2 of the Cheapest Stocks I Own
I'll always be a growth investor, but I don't mind saying I have a few value stocks in my portfolio. A low earnings multiplier and chunky return have helped offset the rockiness of the market lately - but I must admit I like that even my value stocks have potential catalysts for growth.
Camping World Holdings (NYSE: CWH) and Momo (NASDAQ: MOMO) are two stocks with all the classic features of value stocks. You are trading with a low earnings multiple. They are giving a fair amount of their money back to shareholders in the form of healthy distributions. They also have the potential to distinguish themselves as growth stocks in the years to come. Let's assess them.
Image source: Getty Images.
Camping world
Being the leading retailer of RVs and recreational vehicle towers is a pretty good place these days. People are hungry to travel but cautious when getting on a plane or sharing a hotel room with hundreds of other travelers. Camping World makes the most of the situation and offers living space on wheels.
In the last two quarterly reports, sales increased by 18% and 21% respectively. Results for the first three months of this year will be announced next week, and we should see revenue growth accelerate in 2021. The RV Industry Association expects the number of new RV deliveries to increase by 23% this year. The bottom line is that Camping World is an even better growth story. For the past four quarters, it has exceeded Wall Street’s earnings forecast by at least 55%.
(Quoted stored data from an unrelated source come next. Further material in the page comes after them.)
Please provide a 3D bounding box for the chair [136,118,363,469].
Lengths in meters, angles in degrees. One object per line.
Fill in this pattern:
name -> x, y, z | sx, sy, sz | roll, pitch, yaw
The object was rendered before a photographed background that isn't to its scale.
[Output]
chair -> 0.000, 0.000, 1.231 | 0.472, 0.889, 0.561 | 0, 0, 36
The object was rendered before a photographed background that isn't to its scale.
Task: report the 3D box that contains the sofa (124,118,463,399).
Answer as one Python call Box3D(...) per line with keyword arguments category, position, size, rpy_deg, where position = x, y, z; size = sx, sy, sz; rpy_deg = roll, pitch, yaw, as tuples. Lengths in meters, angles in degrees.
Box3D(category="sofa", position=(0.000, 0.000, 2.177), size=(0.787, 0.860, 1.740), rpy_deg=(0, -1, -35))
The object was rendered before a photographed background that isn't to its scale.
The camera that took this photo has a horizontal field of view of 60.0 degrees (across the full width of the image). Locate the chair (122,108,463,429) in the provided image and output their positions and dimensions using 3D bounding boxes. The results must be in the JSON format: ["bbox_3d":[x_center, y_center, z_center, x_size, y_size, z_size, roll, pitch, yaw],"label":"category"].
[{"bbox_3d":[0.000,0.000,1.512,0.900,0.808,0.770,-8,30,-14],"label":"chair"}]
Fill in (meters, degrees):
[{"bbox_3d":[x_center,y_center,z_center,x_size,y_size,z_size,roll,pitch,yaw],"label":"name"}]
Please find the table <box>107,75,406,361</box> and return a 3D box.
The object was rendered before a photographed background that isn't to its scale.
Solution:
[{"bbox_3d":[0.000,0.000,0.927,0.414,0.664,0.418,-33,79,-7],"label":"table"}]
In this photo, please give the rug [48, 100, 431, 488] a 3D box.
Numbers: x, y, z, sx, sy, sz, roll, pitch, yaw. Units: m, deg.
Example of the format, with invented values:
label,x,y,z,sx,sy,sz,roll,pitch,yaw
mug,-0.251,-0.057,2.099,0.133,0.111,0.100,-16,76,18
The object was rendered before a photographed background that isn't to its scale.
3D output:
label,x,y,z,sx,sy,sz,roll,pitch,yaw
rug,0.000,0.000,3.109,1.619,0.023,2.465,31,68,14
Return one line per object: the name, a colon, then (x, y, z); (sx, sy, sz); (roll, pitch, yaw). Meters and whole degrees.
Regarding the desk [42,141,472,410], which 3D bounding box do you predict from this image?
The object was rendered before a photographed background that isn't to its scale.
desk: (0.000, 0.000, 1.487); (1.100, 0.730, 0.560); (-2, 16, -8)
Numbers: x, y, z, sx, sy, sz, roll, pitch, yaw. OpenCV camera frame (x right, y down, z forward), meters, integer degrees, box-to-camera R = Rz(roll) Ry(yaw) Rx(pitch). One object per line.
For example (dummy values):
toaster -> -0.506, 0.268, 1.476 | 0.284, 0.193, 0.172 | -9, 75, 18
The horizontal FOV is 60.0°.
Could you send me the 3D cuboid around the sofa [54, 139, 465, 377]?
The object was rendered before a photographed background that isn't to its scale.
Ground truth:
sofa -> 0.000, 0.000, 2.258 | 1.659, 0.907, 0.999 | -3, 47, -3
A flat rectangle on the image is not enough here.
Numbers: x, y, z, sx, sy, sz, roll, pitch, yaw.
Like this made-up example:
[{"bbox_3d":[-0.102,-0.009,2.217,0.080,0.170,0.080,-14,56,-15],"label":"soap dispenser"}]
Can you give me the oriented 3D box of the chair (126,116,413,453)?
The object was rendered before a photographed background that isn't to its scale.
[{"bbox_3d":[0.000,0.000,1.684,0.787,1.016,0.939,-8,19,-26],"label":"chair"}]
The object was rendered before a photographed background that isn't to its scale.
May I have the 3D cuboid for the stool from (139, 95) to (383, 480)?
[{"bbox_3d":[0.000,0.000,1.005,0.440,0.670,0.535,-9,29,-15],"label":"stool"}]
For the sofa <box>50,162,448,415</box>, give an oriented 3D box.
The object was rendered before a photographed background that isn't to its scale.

Camping World gets a lot of love from the market these days. The stock is a 12-digger since bottoming 13 months ago. That doesn't mean it's expensive. It was hard to misunderstand when the pandemic sell-off took place. The stock was trading at just $ 3.40 in March, despite posting a $ 3.66 share of adjusted earnings for the full 2020. When was the last time you saw a stock trading for something that would ultimately be below futures earnings?
The rating is still appropriate. The stock is rolling right now, but it's still trading at 12x trailing earnings and 10 times the likely conservative expected earnings this year. There is also a 2% yield here. You don't see too many stocks seeing accelerated double-digit sales growth with such a low earnings multiple.
Momo
In terms of growth, Momo goes in the other direction - but bear it with me here. Momo was one of the fastest growing online companies in China a few years ago, helped by the booming popularity of its eponymous social search app and its Tantan online dating platform. Five years ago sales almost quadrupled. From there it was only downhill.
- 2016: 299%
- 2017: 140%
- 2018: 51%
- 2019: 27%
- 2020: (12%)
Last year was not a nice one. Monthly active users fell from 114.5 million at the beginning of 2020 to 113.8 million at the end. The number of premium users - people who pay for Momo's live video and value-added services - fell even more sharply from 13.8 million to 12.8 million accounts.
Momentum is not doing well with Momo but there are some signs of stabilization. Momo has seen revenue drop between 3.7% and 6.5% year over year in the first quarter of this year, with some positive trends seen in both the content ecosystem and core business.
Weighing makes Momo more and more attractive. It remains very profitable and while 2020 has been a bad year for both ends of the income statement, it trades at only 10 times its trailing reported earnings and only 7.5 times its adjusted earnings of $ 2.02 per share .
It gets better because Momo is cashless. We run these earnings multipliers outside of market cap, of course, but Momo's company value of $ 2.2 billion is only 70% of the market cap of $ 3.1 billion. In other words, Momo's enterprise value is only a little more than five times its lagging adjusted earnings.
Momo also explains annual dividends, and while it keeps most of its profits to fuel its growth and replenish its cash, the $ 0.64 per share annual payout it just sent equates to a 4.2% return . With ample cash reserves to get its apps back on track or plow your way into reinvention, Momo is a dirt cheap stock that has plenty of time to turn around.
This article represents the opinion of the author who may disagree with the "official" referral position of a Motley Fool Premium Consulting Service. We are colorful! Questioning an investment thesis - including one of our own - helps us all think critically about investing and make decisions that will help us get smarter, happier, and richer.